GERARDO MEDINA, D069820

Plaintiff and Respondent,

v. (Super. Ct. No. 37-2013-00069866- CU-FR-CTL) SOUTH COAST CAR COMPANY, INC. et al.,

Defendants and Appellants.

APPEAL from an order of the Superior Court of San Diego County, Richard E.L.

Strauss, Judge. Affirmed.

Madison Harbor and Jenos Firouznam-Heidari for Defendants and Appellants.

Rosner, Barry & Babbitt, Christopher P. Barry, Hallen D. Rosner and Shay

Dinata-Hanson, for Plaintiff and Respondent.

In June 2013, plaintiff and respondent Gerardo Medina (plaintiff or Medina)

purchased a used 2008 Audi A4 automobile (2008 vehicle) from defendant and appellant

South Coast Car Company, Inc. (SCCC). Defendant and appellant Veros Credit, LLC

(Veros) subsequently accepted an assignment of Medina's retail installment sales contract (RISC) (SCCC and Veros are sometimes collectively referred to as defendants).
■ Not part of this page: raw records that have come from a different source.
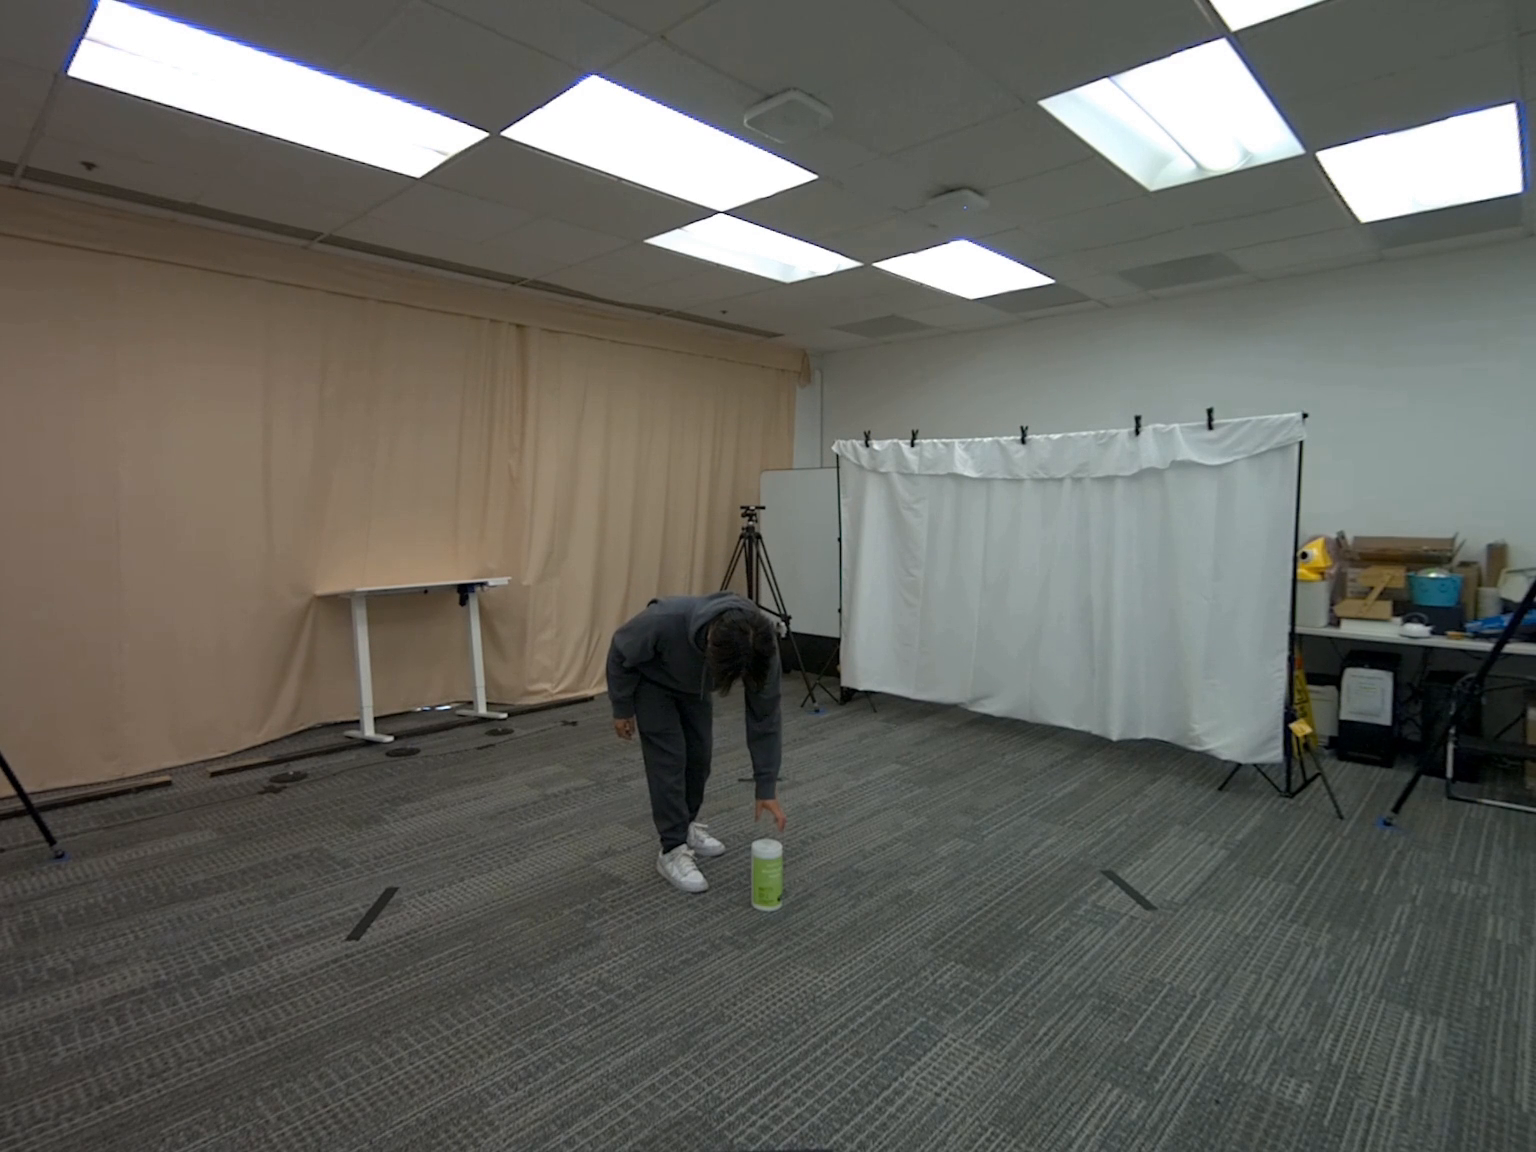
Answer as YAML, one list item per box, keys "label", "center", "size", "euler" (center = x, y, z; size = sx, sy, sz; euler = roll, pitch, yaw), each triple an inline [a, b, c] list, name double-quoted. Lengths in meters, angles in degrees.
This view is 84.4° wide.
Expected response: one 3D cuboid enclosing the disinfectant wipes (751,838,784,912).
- label: "disinfectant wipes"
  center: [-0.004, 1.041, 2.934]
  size: [0.118, 0.217, 0.118]
  euler: [0, 3, -2]

Medina

in his operative complaint alleged nine causes of action against defendants and others

based primarily on his contention that SCCC engaged in wrongdoing in connection with

the sale of the 2008 vehicle (hereinafter, underlying action), including under the

Consumers Legal Remedies Act (Civ. Code, § 1750 et seq., CLRA.).
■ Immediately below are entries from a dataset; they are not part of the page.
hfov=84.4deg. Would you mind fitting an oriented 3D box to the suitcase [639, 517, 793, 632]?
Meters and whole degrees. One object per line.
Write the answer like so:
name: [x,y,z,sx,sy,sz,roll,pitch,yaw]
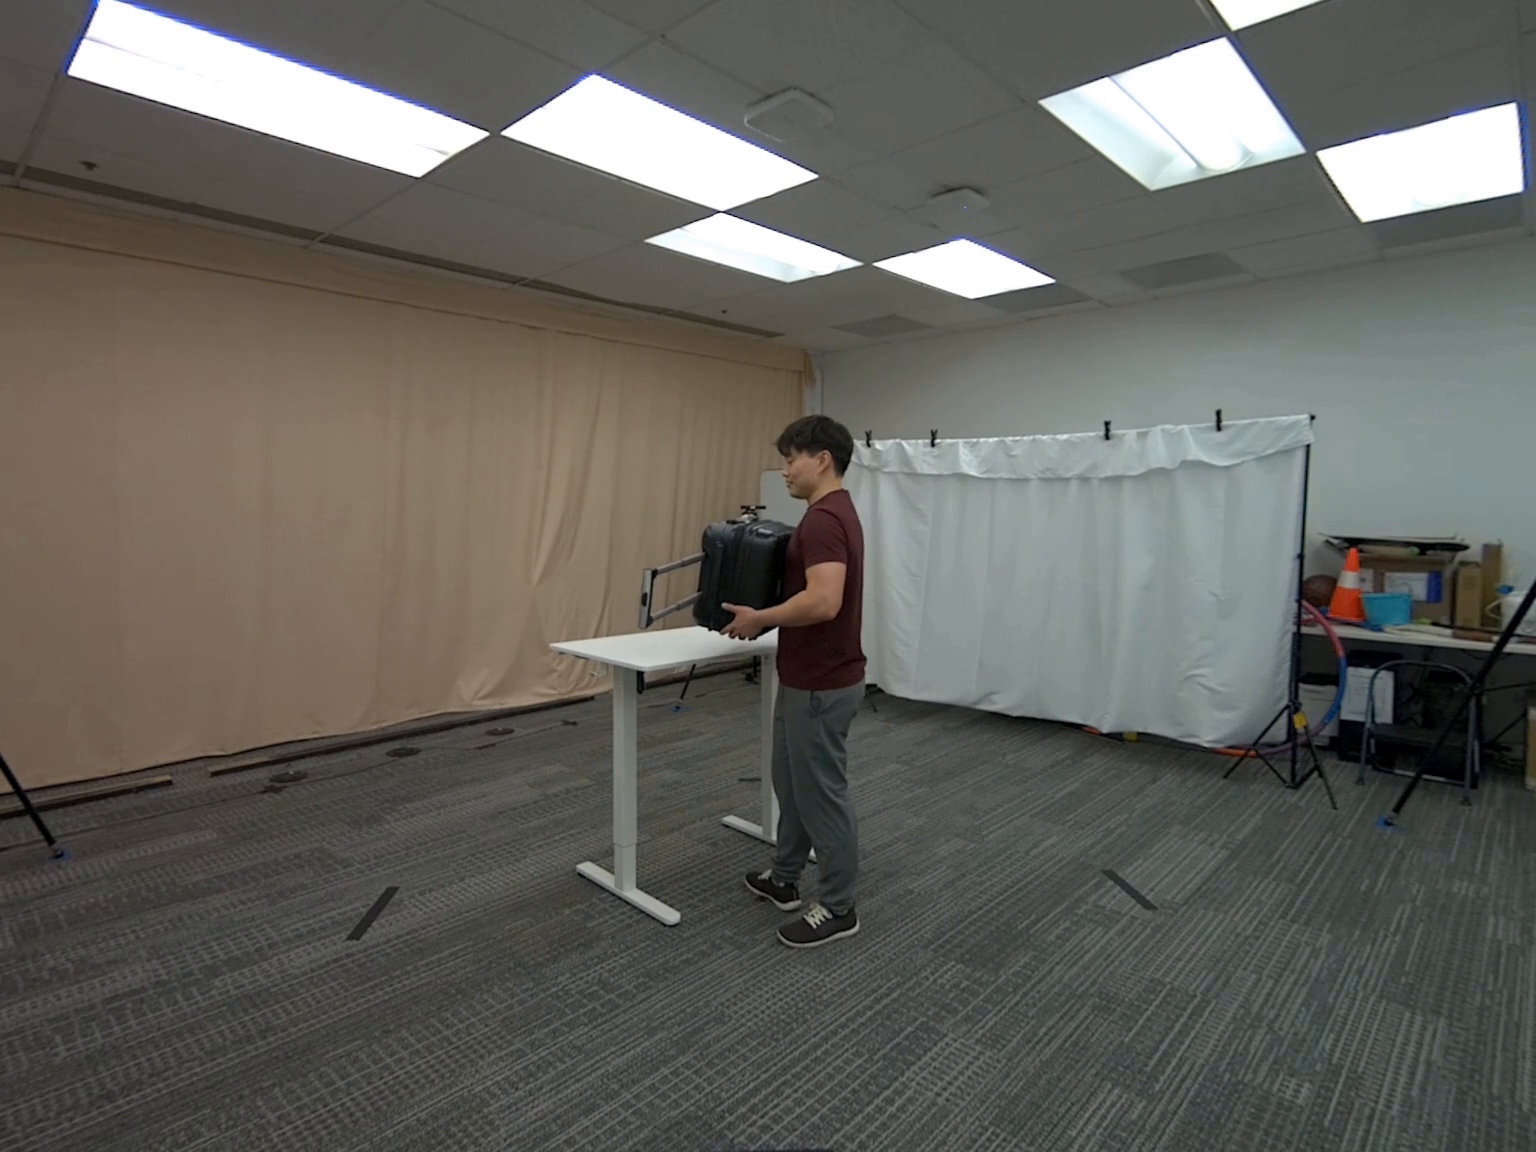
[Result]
suitcase: [-0.106,0.016,2.659,0.261,0.382,0.965,9,8,13]

The parties settled the underlying action on the eve of trial and subsequently

entered into the Settlement and Mutual Release Agreement (Settlement). Under the

Settlement, Medina agreed to dismiss his action with prejudice. SCCC, in return, agreed

to pay Medina about $8,600.

Particularly relevant to this appeal, defendants also agreed that they would not

"dispute [Medina's] underlying entitlement to attorneys' fees based upon the claims

brought in the [underlying a]ction"; that Medina "shall be deemed the prevailing party on

all causes of action for purposes of the motion" for attorney fees; that defendants "reserve

the right to dispute the reasonableness of the attorneys' fees, costs, and prejudgment

interest claimed to have been incurred" by Medina; and that defendants "maintain all

defenses as to the limitations on the amount of attorneys' fees, costs, and prejudgment

interest."

On appeal (and despite the Settlement), defendants contend the court erred when it

awarded Medina attorney fees, costs and prejudgment interest. Specifically, defendants

contend that, although Medina was the prevailing party as provided under the Settlement,

Veros was not liable to pay any portion of his fees and costs as it was merely the "holder"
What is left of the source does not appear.